* _Required action_
From top to bottom, retype the data exactly, passing over any picture.

Dataset excerpts
·····

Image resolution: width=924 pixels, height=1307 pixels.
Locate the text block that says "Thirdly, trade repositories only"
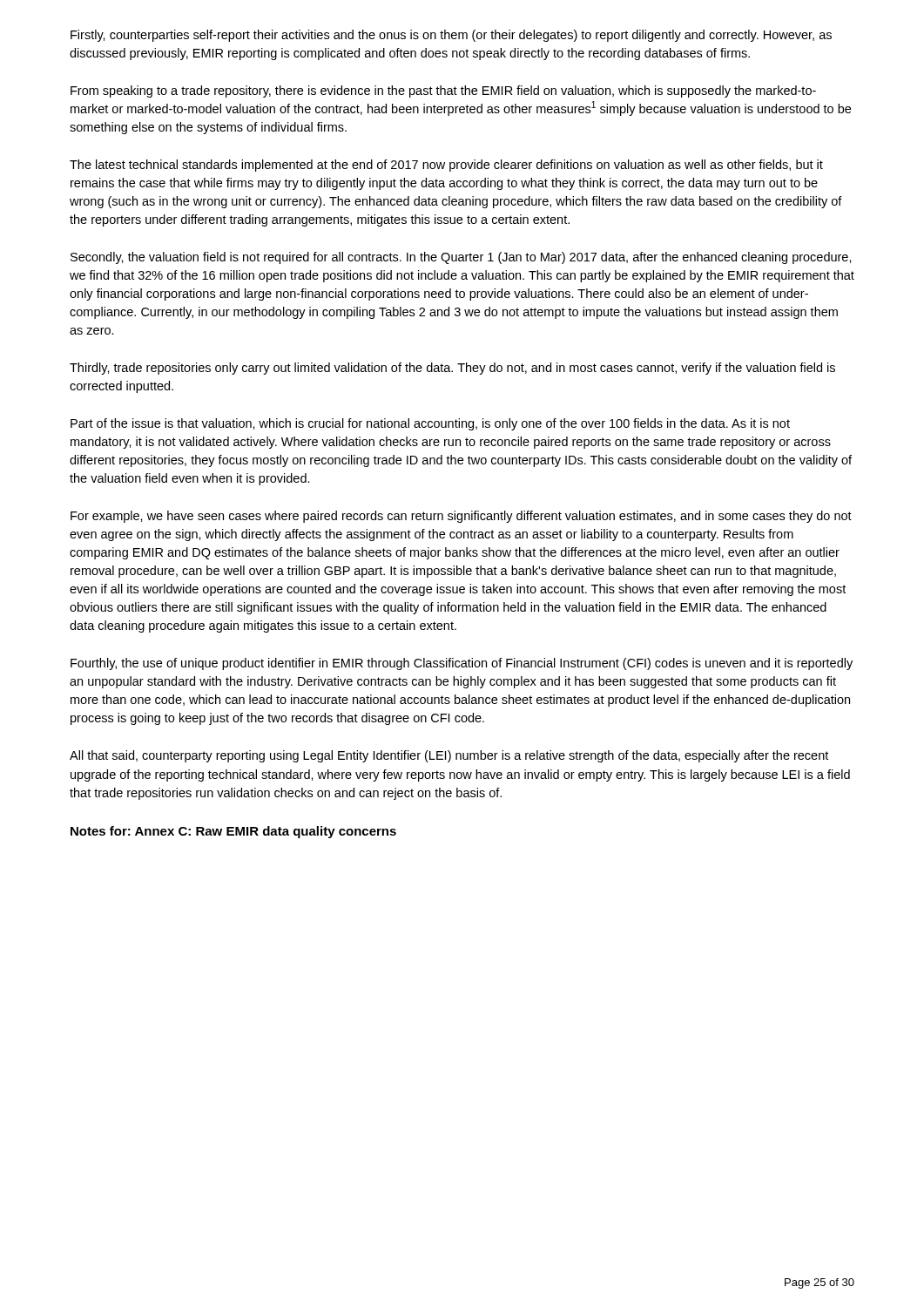point(453,377)
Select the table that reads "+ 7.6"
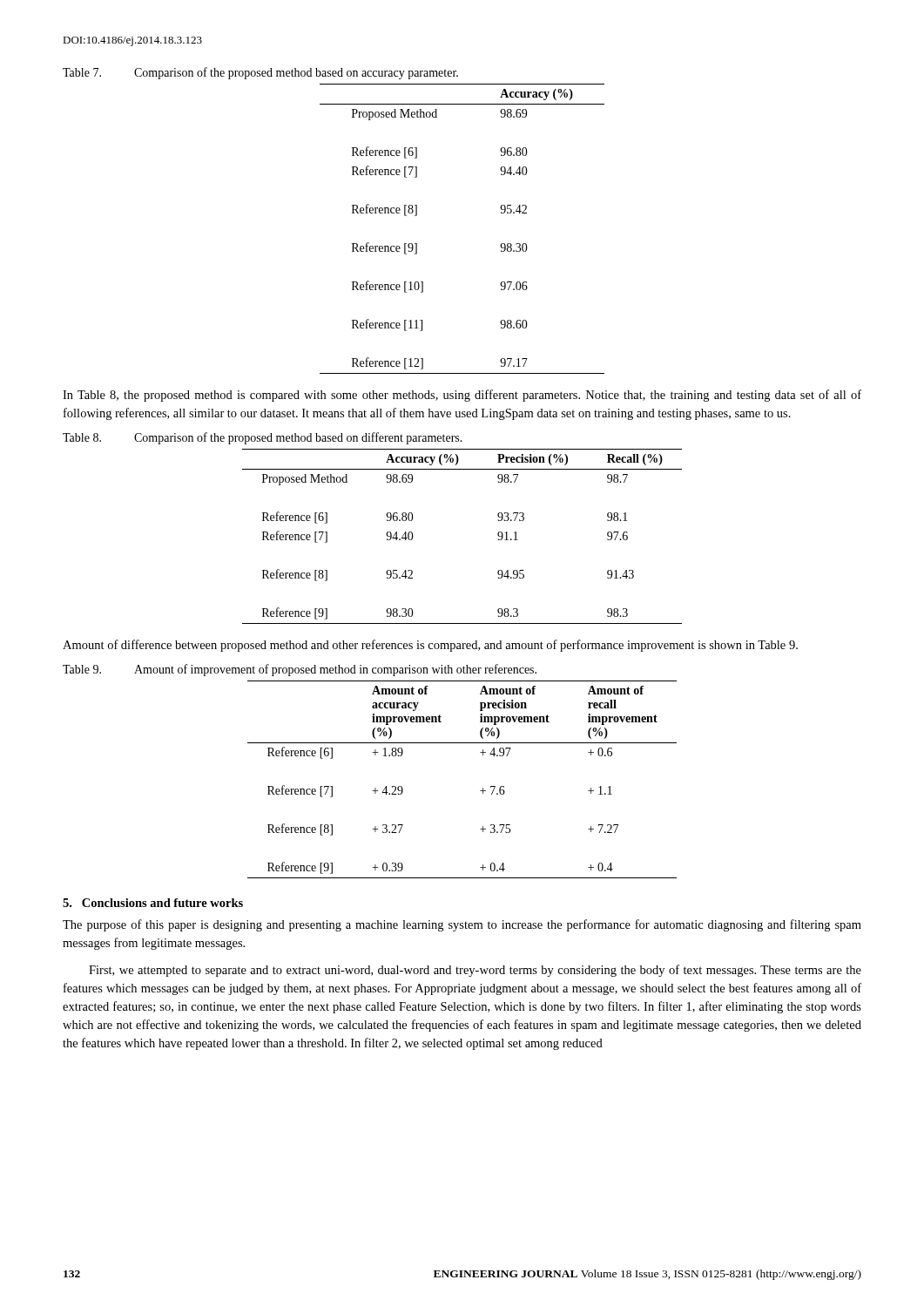The width and height of the screenshot is (924, 1307). pos(462,779)
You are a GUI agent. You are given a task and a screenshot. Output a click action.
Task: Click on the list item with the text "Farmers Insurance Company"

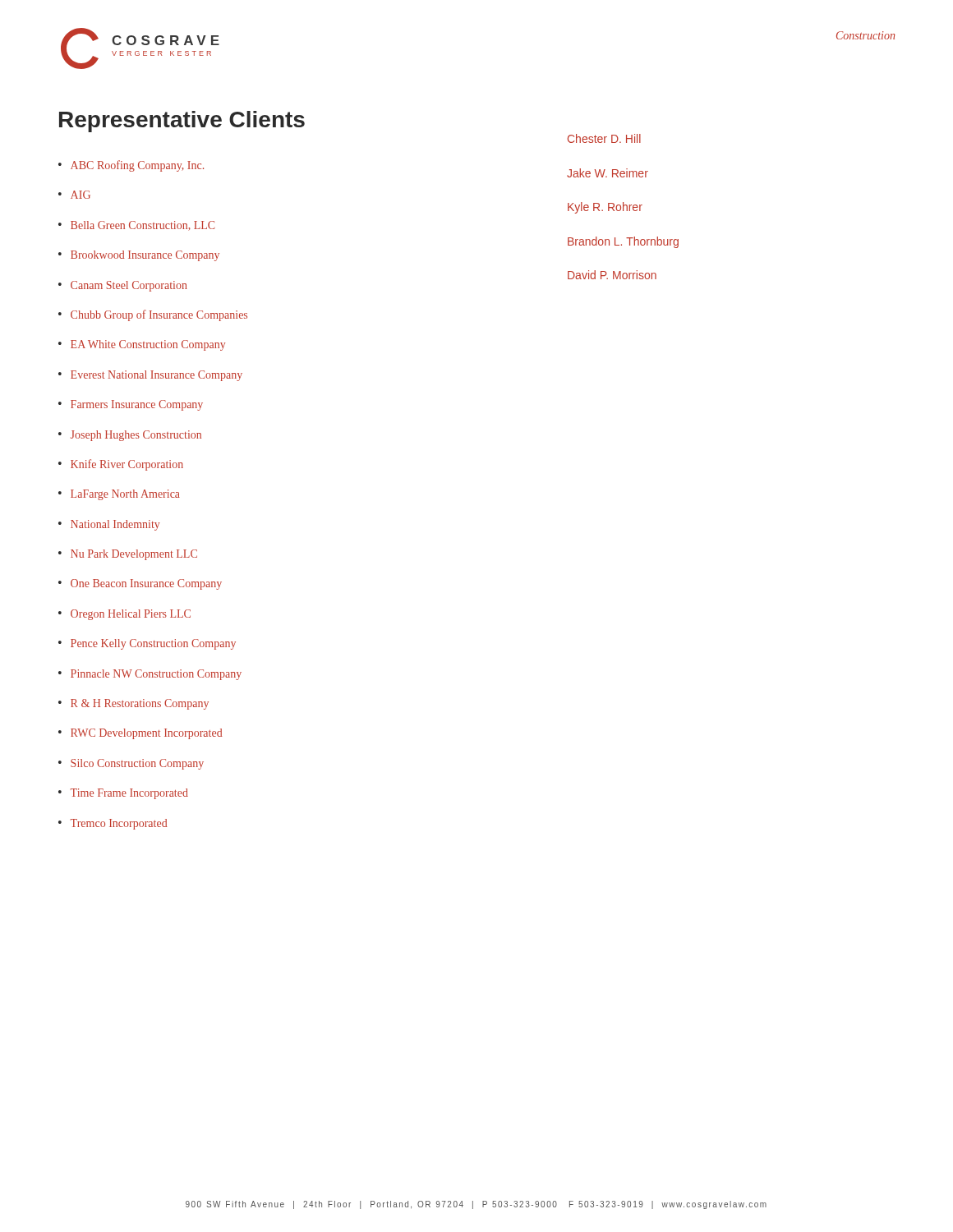(137, 405)

·····

* _Answer box_
Image resolution: width=924 pixels, height=1307 pixels.
Locate the text block that says "Thirdly, trade repositories only"
point(453,377)
Select the table that reads "+ 7.6"
The width and height of the screenshot is (924, 1307). pos(462,779)
You are a GUI agent. You are given a task and a screenshot. Output a click action.
Task: Click on the list item with the text "Farmers Insurance Company"

(137, 405)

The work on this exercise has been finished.